Implementation: Mailer.php, Message.php, Transport/SmtpTransport.php.


Mailer API

use Zero\Lib\Mail\Mailer;
// or via the kernel alias:
use Mail;

Mailer::send(Closure $callback): void

Build and send a message inside a closure. The closure receives a fresh Message (with the configured default from already applied).

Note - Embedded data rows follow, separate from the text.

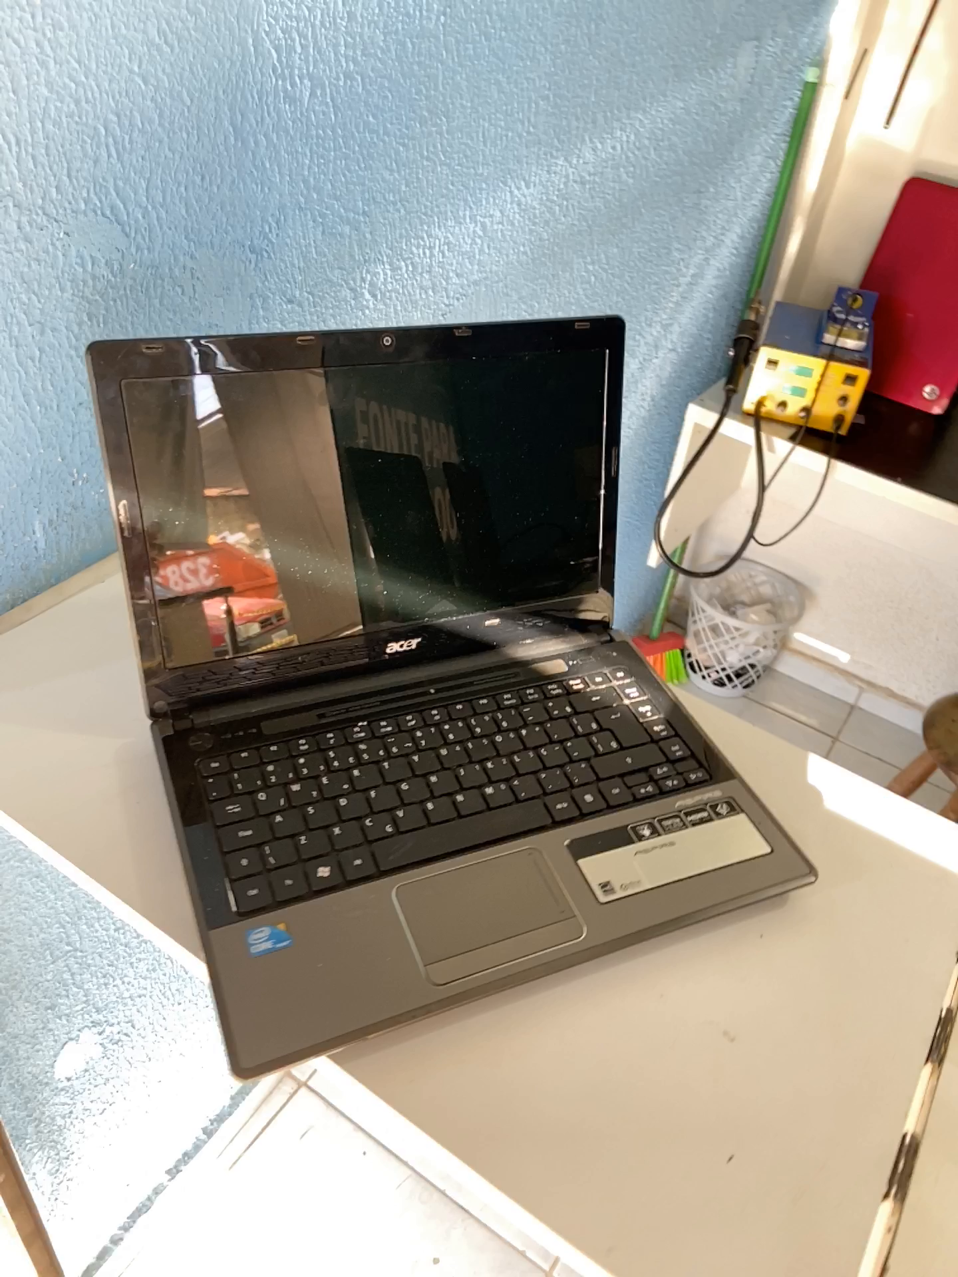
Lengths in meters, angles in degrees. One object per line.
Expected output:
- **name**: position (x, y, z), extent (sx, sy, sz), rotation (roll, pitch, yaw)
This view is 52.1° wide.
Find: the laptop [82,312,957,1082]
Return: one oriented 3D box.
- **laptop**: position (-0.010, -0.010, 0.552), extent (0.337, 0.207, 0.319), rotation (-11, 43, -22)

Mail::send(function ($message) {
    $message
        ->to('user@example.test', 'Tofik')
        ->subject('Welcome!')
        ->html(view('mail.welcome', ['name' => 'Tofik']));
});

Mailer::raw(string $to, string $subject, string $body, bool $isHtml = false): void

Shortcut for one-line emails with no extra headers/attachments.

Mail::raw('ops@example.test', 'Heartbeat', 'still alive');
Mail::raw('user@example.test', 'Hi', '<b>hello</b>', isHtml: true);

Mailer::instance(): self

Get the underlying singleton. Rarely needed — send() and raw() cover the common cases.

$mailer = Mailer::instance();

Mailer::reset(): void

Drop the singleton (mainly for tests when config has changed).

Mailer::reset();

->dispatch(Closure $callback): void

Instance form of send(). The static Mailer::send() ultimately calls this.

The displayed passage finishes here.